Collected data entries
____

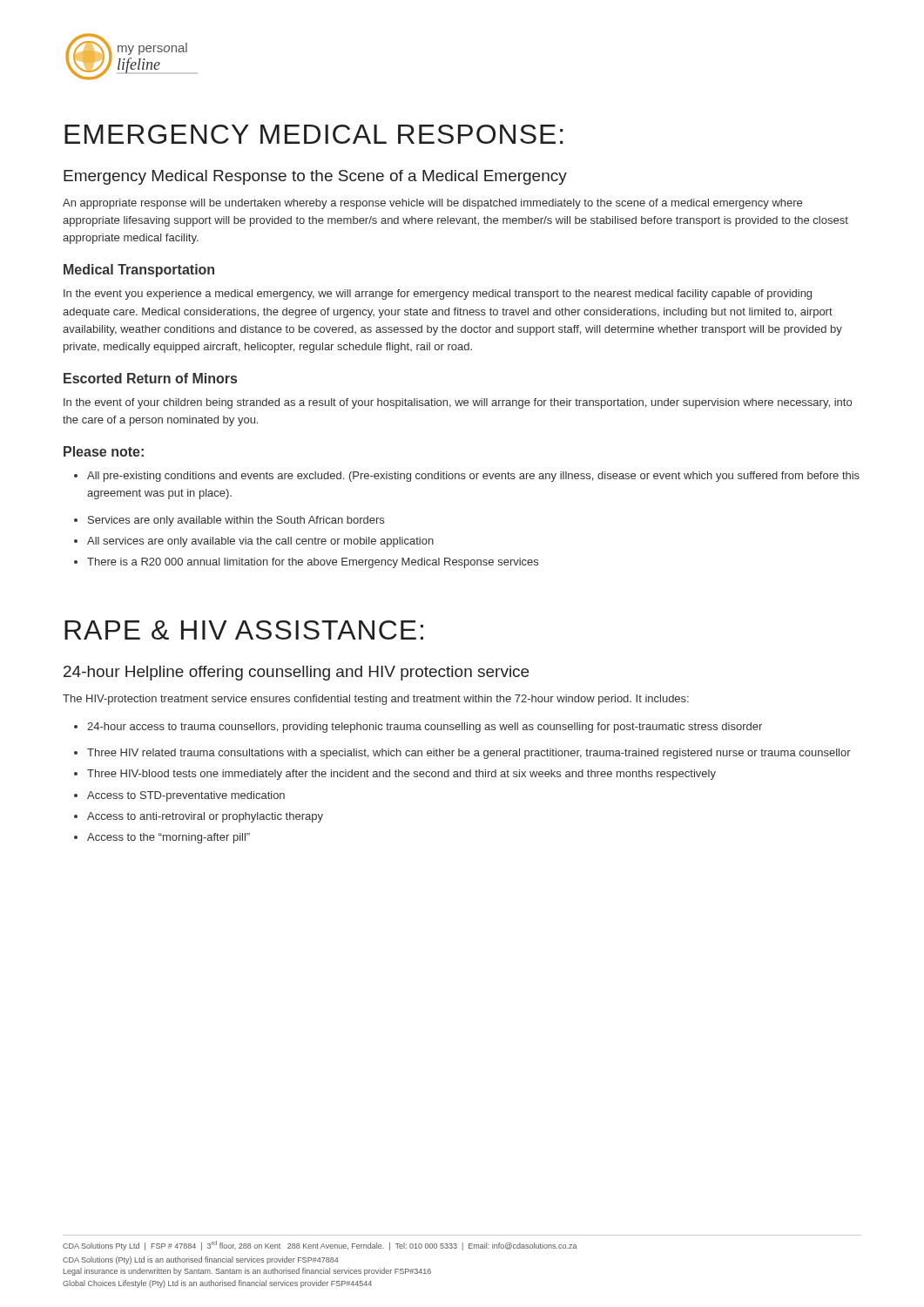Click where it says "Access to anti-retroviral or prophylactic therapy"
The width and height of the screenshot is (924, 1307).
click(x=199, y=817)
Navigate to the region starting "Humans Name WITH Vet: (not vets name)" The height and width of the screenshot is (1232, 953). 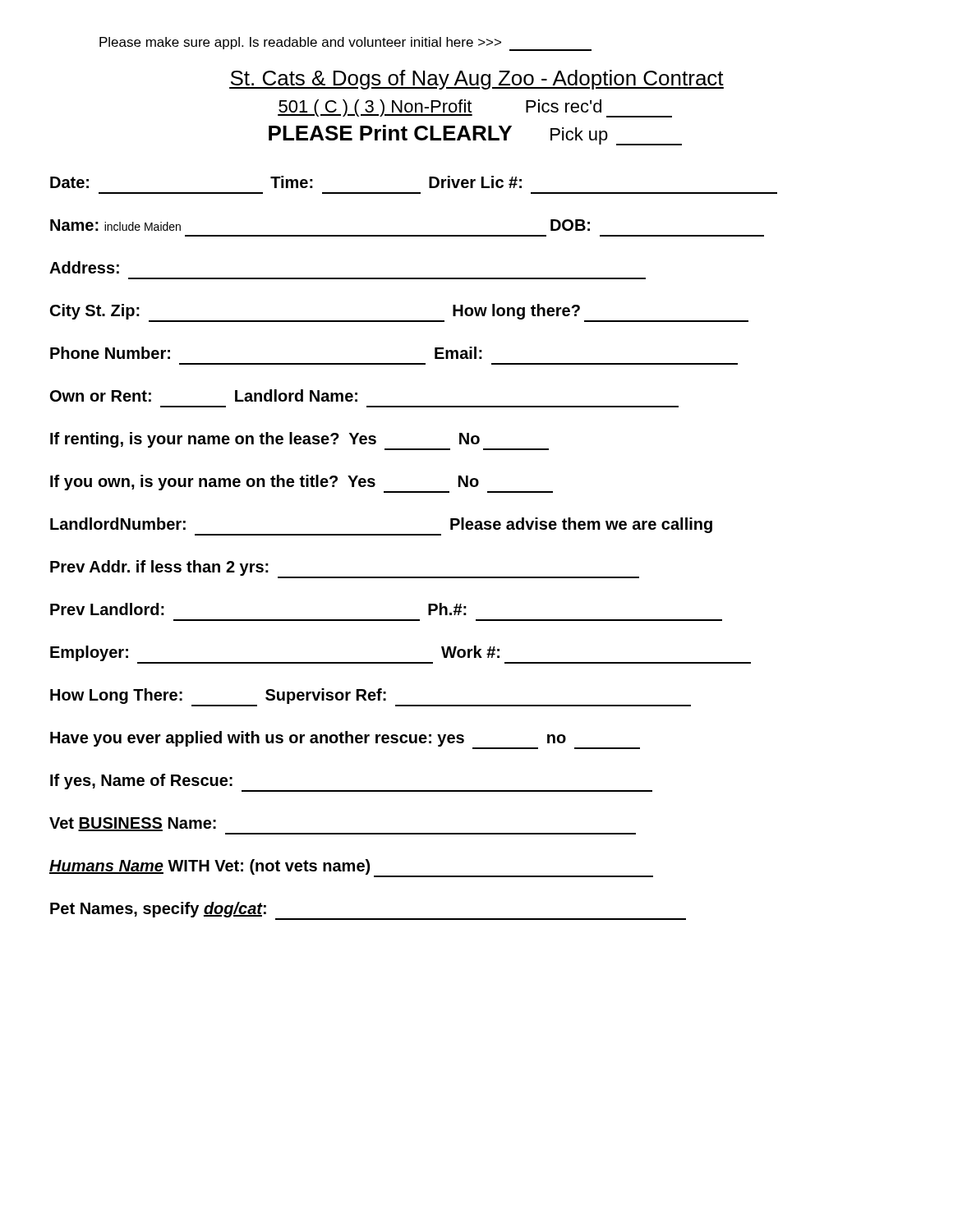pyautogui.click(x=351, y=865)
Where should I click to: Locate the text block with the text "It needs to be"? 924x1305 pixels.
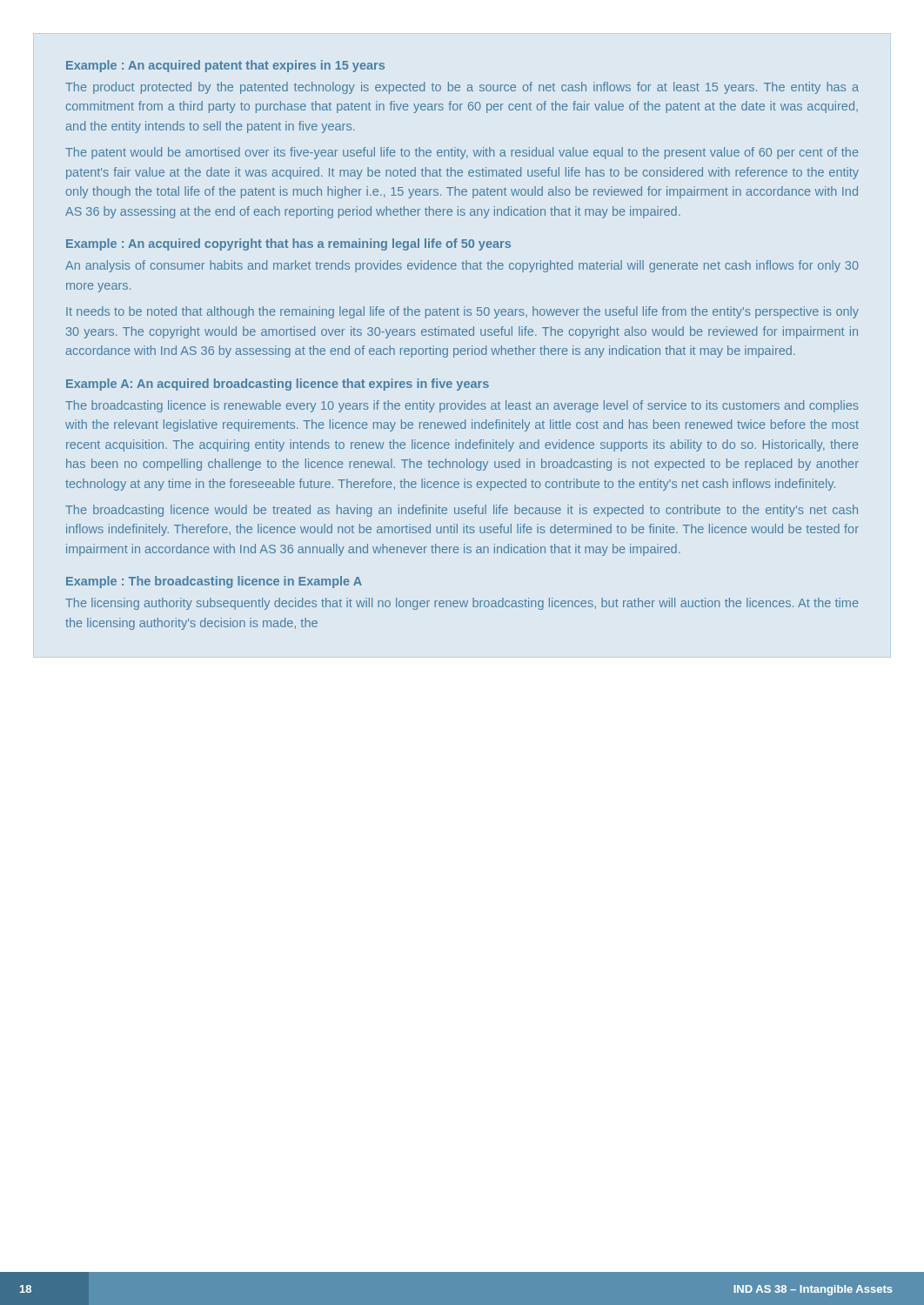coord(462,331)
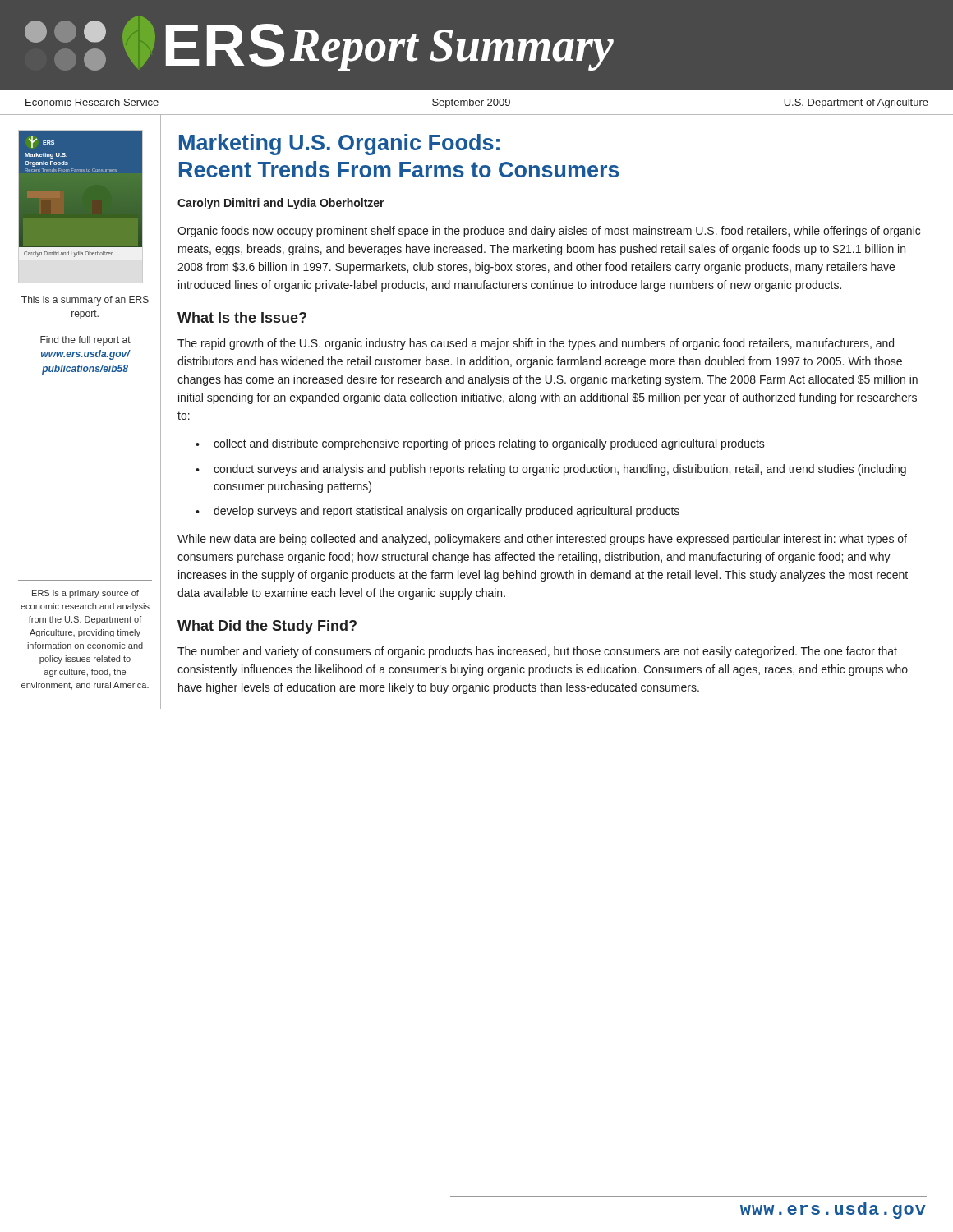Select a illustration
Viewport: 953px width, 1232px height.
click(x=81, y=207)
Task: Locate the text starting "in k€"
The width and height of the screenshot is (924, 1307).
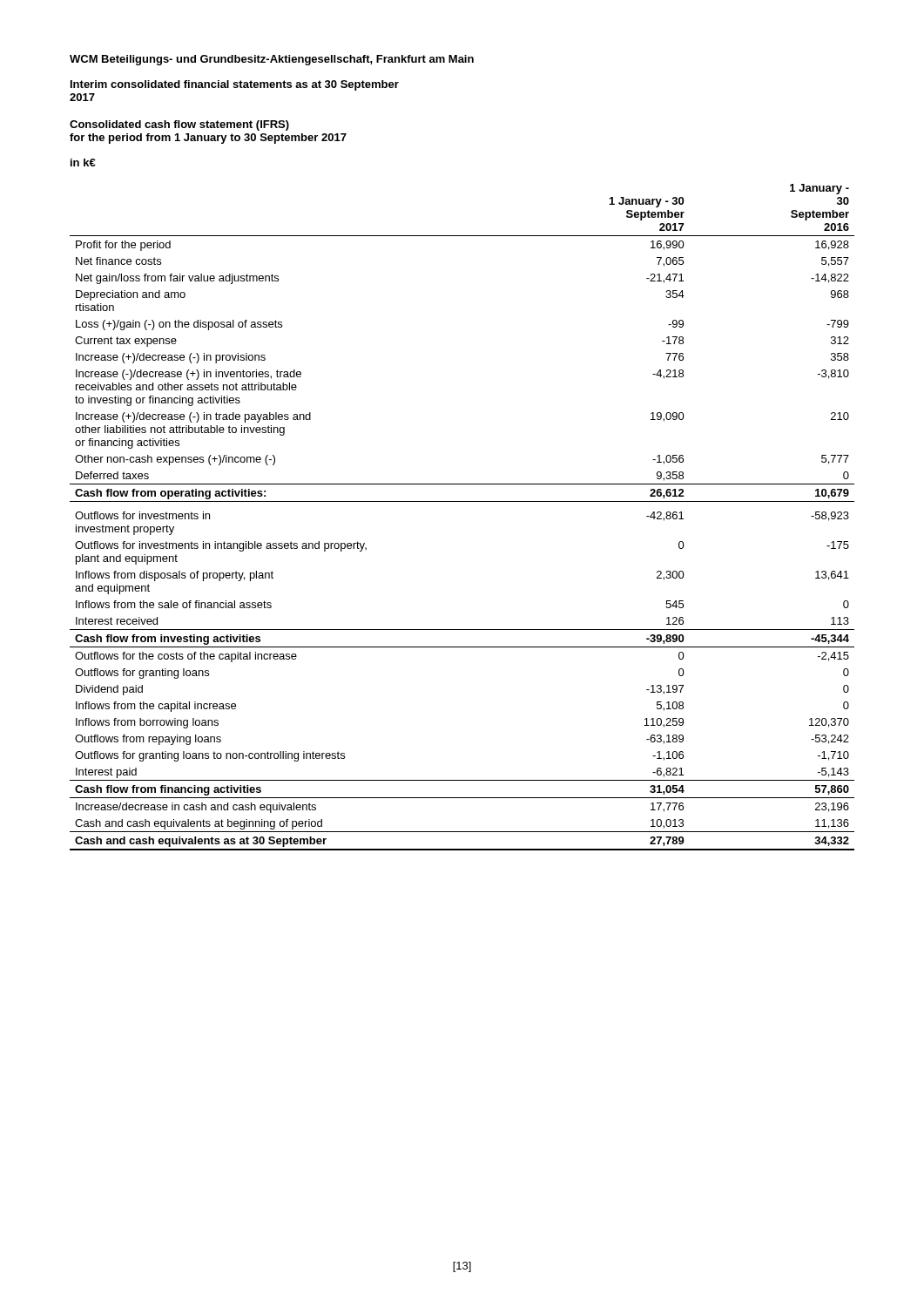Action: [x=83, y=162]
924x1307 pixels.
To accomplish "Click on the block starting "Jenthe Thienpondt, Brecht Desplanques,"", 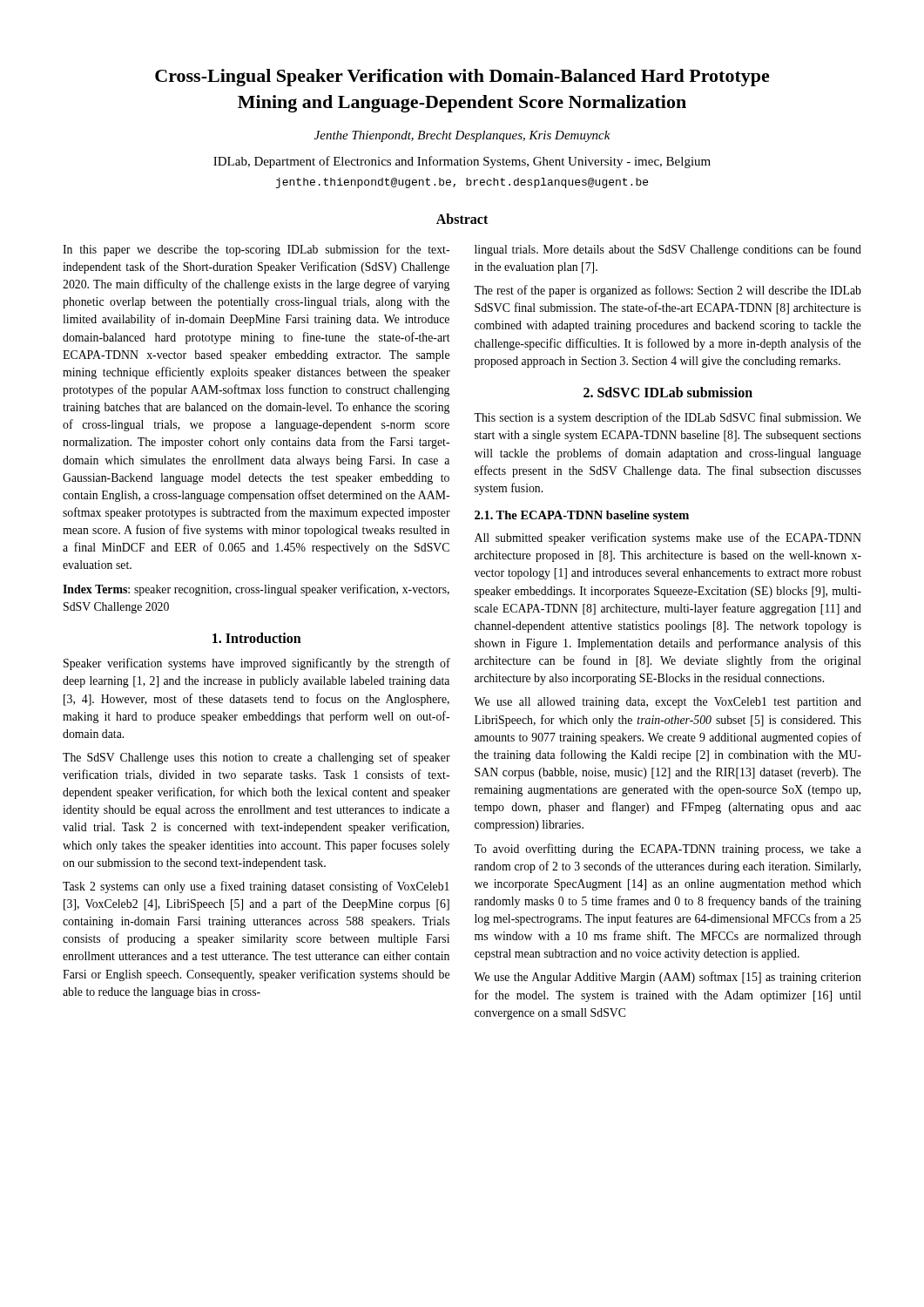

____

▶ **Task prompt**:
Nothing but the lines above from the one that has "Where should I" down to the one that has "924x1307 pixels." belongs in the answer, copied exactly, without pictures.

▶ **Reply to the exercise**:
Where should I click to: Locate the text block with the text "It needs to be"? 924x1305 pixels.
coord(462,331)
Select a illustration
Viewport: 953px width, 1232px height.
click(x=81, y=207)
Task: Locate the text starting "in k€"
The width and height of the screenshot is (924, 1307).
Action: [x=83, y=162]
924x1307 pixels.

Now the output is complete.